**Your assignment:** Please find the lines in the entries below that contain the word "degrees", and copy each one.

**Available data:**
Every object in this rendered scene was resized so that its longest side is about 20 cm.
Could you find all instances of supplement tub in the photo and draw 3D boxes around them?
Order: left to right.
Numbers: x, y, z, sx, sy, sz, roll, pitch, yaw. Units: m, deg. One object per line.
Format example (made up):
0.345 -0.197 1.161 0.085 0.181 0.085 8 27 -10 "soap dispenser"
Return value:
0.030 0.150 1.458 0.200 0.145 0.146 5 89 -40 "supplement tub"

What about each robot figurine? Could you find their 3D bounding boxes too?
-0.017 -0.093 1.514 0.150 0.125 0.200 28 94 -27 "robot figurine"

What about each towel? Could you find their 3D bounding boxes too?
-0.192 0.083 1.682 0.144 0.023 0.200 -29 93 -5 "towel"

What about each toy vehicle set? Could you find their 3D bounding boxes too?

---

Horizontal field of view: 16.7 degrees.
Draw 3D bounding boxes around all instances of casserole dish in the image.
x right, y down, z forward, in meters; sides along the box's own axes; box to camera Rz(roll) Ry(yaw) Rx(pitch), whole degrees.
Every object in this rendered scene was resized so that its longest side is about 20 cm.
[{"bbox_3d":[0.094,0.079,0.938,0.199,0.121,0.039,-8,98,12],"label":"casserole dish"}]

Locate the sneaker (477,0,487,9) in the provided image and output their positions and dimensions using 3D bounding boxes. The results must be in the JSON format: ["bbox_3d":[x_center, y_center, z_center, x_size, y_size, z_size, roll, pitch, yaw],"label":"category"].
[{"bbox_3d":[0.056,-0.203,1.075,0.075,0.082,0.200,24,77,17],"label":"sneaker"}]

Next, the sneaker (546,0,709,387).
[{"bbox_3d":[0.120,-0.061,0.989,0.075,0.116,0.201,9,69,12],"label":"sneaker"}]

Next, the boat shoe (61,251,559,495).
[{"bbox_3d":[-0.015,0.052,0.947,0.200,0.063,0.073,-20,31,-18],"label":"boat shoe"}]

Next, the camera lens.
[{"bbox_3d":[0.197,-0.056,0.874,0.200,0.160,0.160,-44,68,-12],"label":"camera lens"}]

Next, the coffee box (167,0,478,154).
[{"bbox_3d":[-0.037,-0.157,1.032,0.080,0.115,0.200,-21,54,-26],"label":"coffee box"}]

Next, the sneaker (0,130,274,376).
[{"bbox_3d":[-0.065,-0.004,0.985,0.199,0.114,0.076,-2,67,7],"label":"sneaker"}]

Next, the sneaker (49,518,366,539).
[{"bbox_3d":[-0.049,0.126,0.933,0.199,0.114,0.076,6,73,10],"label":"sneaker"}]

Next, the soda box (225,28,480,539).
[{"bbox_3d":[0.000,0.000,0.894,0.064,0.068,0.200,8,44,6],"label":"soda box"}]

...

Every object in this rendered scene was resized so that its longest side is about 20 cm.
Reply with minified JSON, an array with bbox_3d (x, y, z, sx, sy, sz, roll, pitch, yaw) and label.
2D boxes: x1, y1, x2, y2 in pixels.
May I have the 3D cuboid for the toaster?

**Exercise response:**
Horizontal field of view: 16.7 degrees.
x right, y down, z forward, in meters; sides along the box's own axes; box to camera Rz(roll) Ry(yaw) Rx(pitch), whole degrees.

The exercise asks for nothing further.